Estando haciendo sus cosas en el servicio, un compañero de trabajo me comentó anonadado la siguiente secuencia de acontecimientos:
-Sonido de pis
-Sonido de puerta abriéndose
-Sonido de papel para secarse las manos siendo arrancado
-Sonido de puerta cerrándose.
¿Qué falta aquí?

Puedo comprender que alguien se agarre la churrilla recién lavada en la ducha matutina y luego pase de lavarse las manos. Pero si tienes que secártelas, es que aquello… se ha mojado. Por el amor de San Feck, échale un poquillo de agua. So cochino.

Y menos mal que se trataba de un pis. Porque tal anécdota me trajo a la cabeza esa conversación que me comentaron sobre las posibilidades de explotación del porno en móvil, con alguien argumentando, con toda la razón del mundo, que un trabajador puede estar aburrido en su despacho, tener un calentón, echarle un vistazo al móvil para no visitar páginas cochinas, e ir a desahogarse en el baño.

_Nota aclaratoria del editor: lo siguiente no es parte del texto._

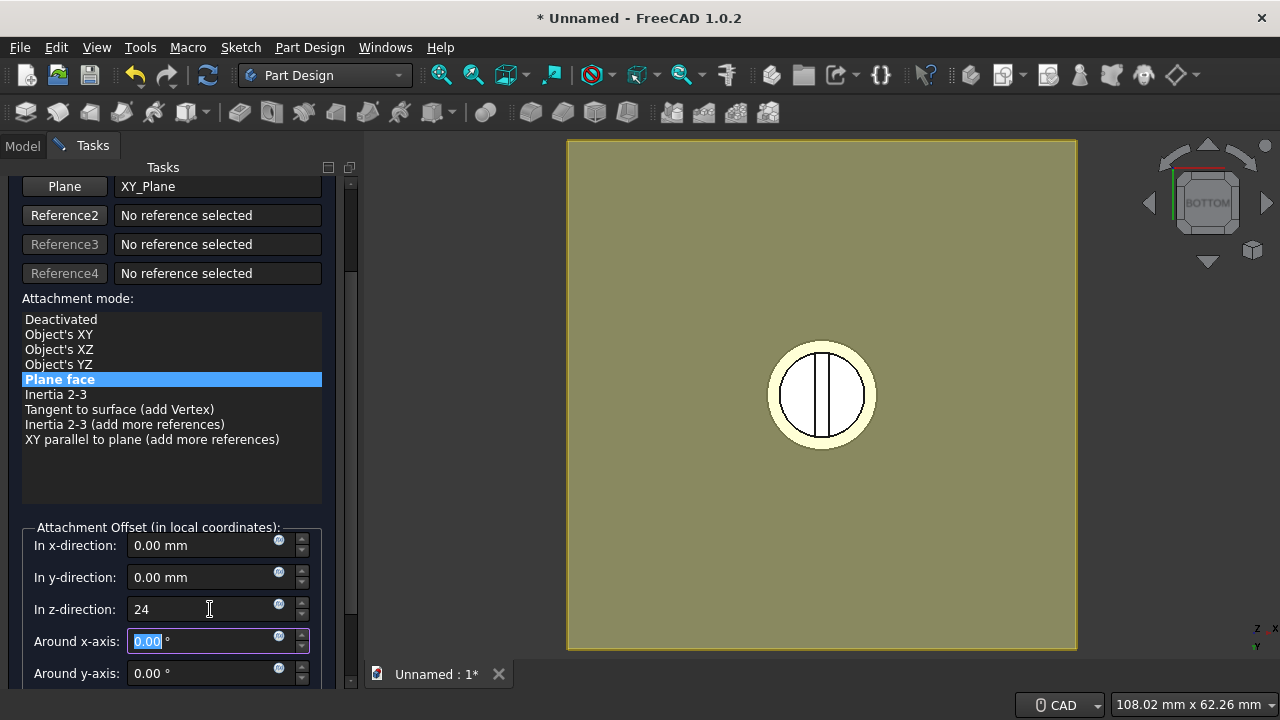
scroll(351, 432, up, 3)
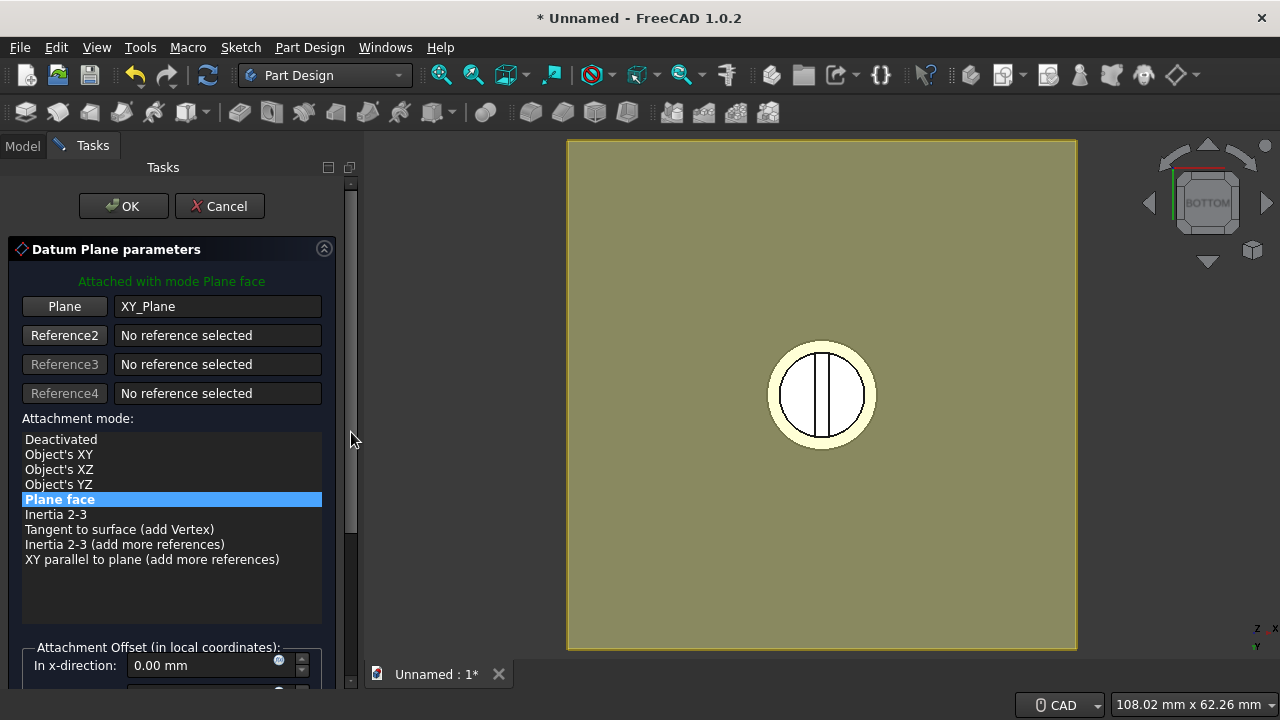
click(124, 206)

Desde entonces, no le doy la mano a la gente con la misma confianza.


La pesadilla del Dog bacon:No es que sea un obsesivo-compulsivo de la vida. Pero me da muchísimo reparo usar un retrete público. Claro que, tirándote en un mismo lugar más de ocho horas y media al día implica que tendrá que ceder o reventar. Sobre todo si acabas de tomar un sandwich de la máquina, esos conglomerados de margarina y guarrería que garantizan visitas al excusado cuales cubatas de evacuol (que diría El Reno Renardo). En mi trabajo, una combinación realmente letal es la de café junto con el maravilloso ‘Dog Bacon’, una cosa hecha con trocitos de salchicha congelada y beicon blanducho que, sí: sabe como suena.

Así que, ahí voy yo, muerto del asquito, a realizar ese complejo ritual de desperdicio de papel que ha acabado con más bosques que el gobierno brasileño: limpieza de la taza, limpieza de la zona en la que podría tocar el dingdingdong, papel rodeando el asiento, papel en el agua por si la cosa chapotea al caer y, muy importante, papel extra colgando en la zona pichal para parar cualquier tintineo del badajo. Que mi madre me enseñó a ser precavido y ‘Mejor Imposible’ que ser obsesivo compulsivo no es óbice para quedarte con la chica, ser felices y comer perdices.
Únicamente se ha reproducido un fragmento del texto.